SEGUNDO.- Alega la entidad Banco Popular Español, S.A., como primer motivo de apelación y reiterando lo ya alegado en el escrito de contestación a la demanda, la inaplicación de la Ley 57/68 al caso de autos, pues considera, en resumen y con base en la doctrina jurisprudencial que cita, que al ser mas de dos las viviendas adquiridas por los mismos compradores, estos deben justificar el carácter residencial de las mismas.
Sobre esta cuestión ya se ha pronunciado la Sentencia de Sec. 4ª de la Audiencia Provincial de Málaga dictada en el Recurso de Apelación 409/2020 de 4 de octubre de 2021 (ROJ: SAP MA 5198/2021) en los siguientes términos:« La primera de las cuestiones que se ha de analizar, invirtiendo el orden seguido en el recurso, es la referente al destino de la vivienda y su prueba.
Estas circunstancias han sido analizadas por la sentencia del TS 161/2018 de 21 de marzo de 2018 , siguiendo la línea de otras, como las sentencias 582/2017 y 33/2018 , y otras precedentes (sentencias 706/2011, de 25 de octubre , 360/2016, de 1 de junio , 420/2016, de 24 de junio , y 675/2016, de 16 de noviembre ), y que esta Sala las ha asumido en la sentencia de 9 de julio de 2020, rec. 220/2019 , entre otras, insistiendo en que la doctrina jurisprudencial es constante al negar la protección de la Ley 57/1968 a los compradores de viviendas con una finalidad inversora, ya sea el comprador profesional o no profesional. Introduce la sentencia citada de 9 de julio de 2020 la doctrina de la sentencia del TS 420/2016 , que dice:
" Dicha exclusión no queda alterada por la referencia a "toda clase de viviendas" en la d. adicional 1.ª de la LOE , pues esta referencia ha de entenderse hecha tanto a las formas de promoción, para comprender así las que "se realicen en régimen de comunidad de propietarios o sociedad cooperativa", sin necesidad de ninguna otra norma especial que así lo disponga, cuanto al régimen de las viviendas, para comprender así no solo las libres sino también las protegidas, sin necesidad tampoco de ninguna norma especial. En definitiva, se ha considerado que la expresión "toda clase de viviendas" elimina cualesquiera dudas que pudieran reducir el nivel de protección de los compradores por razón de la forma de promoción o del régimen de la vivienda que compren, pero no puede equipararse a "toda clase de compradores" para, así, extender la protección a los profesionales del sector inmobiliario o a los compradores especuladores, pues entonces no se entendería la razón de que el art. 7 de la Ley 57/1968 atribuya "el carácter de irrenunciables" a los derechos que la propia Ley 57/1968 otorga a los compradores ("cesionarios").

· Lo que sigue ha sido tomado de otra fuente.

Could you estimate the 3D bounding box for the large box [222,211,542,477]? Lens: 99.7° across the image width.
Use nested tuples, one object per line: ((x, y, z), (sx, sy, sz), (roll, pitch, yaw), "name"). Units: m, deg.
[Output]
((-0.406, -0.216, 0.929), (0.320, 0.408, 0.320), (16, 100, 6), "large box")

A la hora de apreciar la existencia de esa finalidad inversora, la sentencia 360/2016 consideró ajeno al ámbito de protección de la Ley 57/1968 a un promotor inmobiliario inglés que invertía en España comprando viviendas de futura construcción en la provincia de Granada, la 420/2016 ponderó que el comprador había omitido cualquier referencia al destino de las viviendas que pretendía adquirir y la 675/2016 otorgó relevancia, entre otras razones, al hecho de que los compradores ni tan siquiera explicaran en su demanda para qué compraron dos viviendas de alto precio en un mismo conjunto residencial".

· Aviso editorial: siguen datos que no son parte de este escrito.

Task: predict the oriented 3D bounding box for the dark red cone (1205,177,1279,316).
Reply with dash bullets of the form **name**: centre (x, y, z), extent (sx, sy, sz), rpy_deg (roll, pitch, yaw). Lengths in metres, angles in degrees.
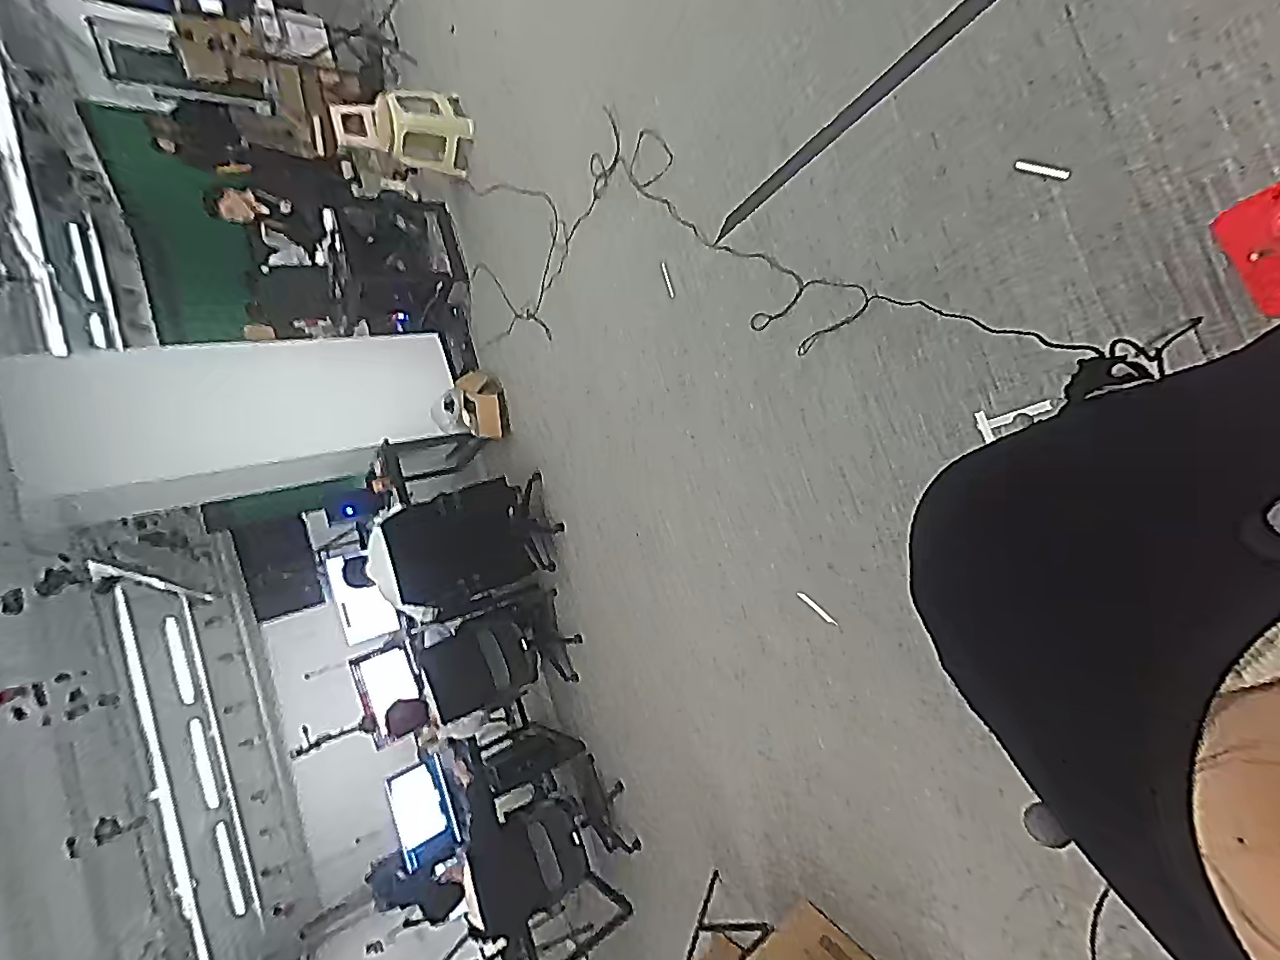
- **dark red cone**: centre (0.891, -0.347, 0.723), extent (0.202, 0.394, 0.201), rpy_deg (-35, 71, 55)

Continua diciendo que "no constituye obstáculo para la exclusión de este régimen el hecho de que las partes vendedora y compradora pactaran la obligación de la primera de garantizar la devolución de las cantidades anticipadas con arreglo al régimen de garantías establecido en la Ley 57/1968. Ya la sentencia 706/2011, de 25 de octubre consideró irrelevante que se pactara la constitución de garantías a cargo de la promotora por tratarse de compra destinada a la inversión. Y posteriormente la sentencia 360/2016, de 1 de junio (citada en este mismo sentido por la 33/2018, de 24 de enero), afirmó:
"Lo antedicho no queda desvirtuado por la circunstancia de que esta sala, por ejemplo en la sentencia 486/2015, de 9 de septiembre , admita que el comprador no consumidor y el vendedor puedan pactar en el contrato de compraventa la obligación del vendedor de garantizar la devolución de las cantidades anticipadas y la sujeción de la garantía a lo establecido en la Ley 57/1968, porque en tal caso, como revela la motivación íntegra de dicha sentencia, la sujeción del aval al régimen de la Ley 57/1968 provendrá de lo pactado entre las partes, no de la propia ley ni de su interpretación jurisprudencial".
Así, en el caso de la sentencia 486/2015, de 9 de septiembre , a diferencia del presente caso, el banco sí había entregado a la sociedad compradora el aval por las cantidades anticipadas, y en el de la sentencia 575/2013, de 19 de septiembre , lo que se planteaba era si los compradores tenían o no derecho a resolver el contrato de compraventa por el incumplimiento de la vendedora consistente en no haberles entregado los avales a su debido tiempo.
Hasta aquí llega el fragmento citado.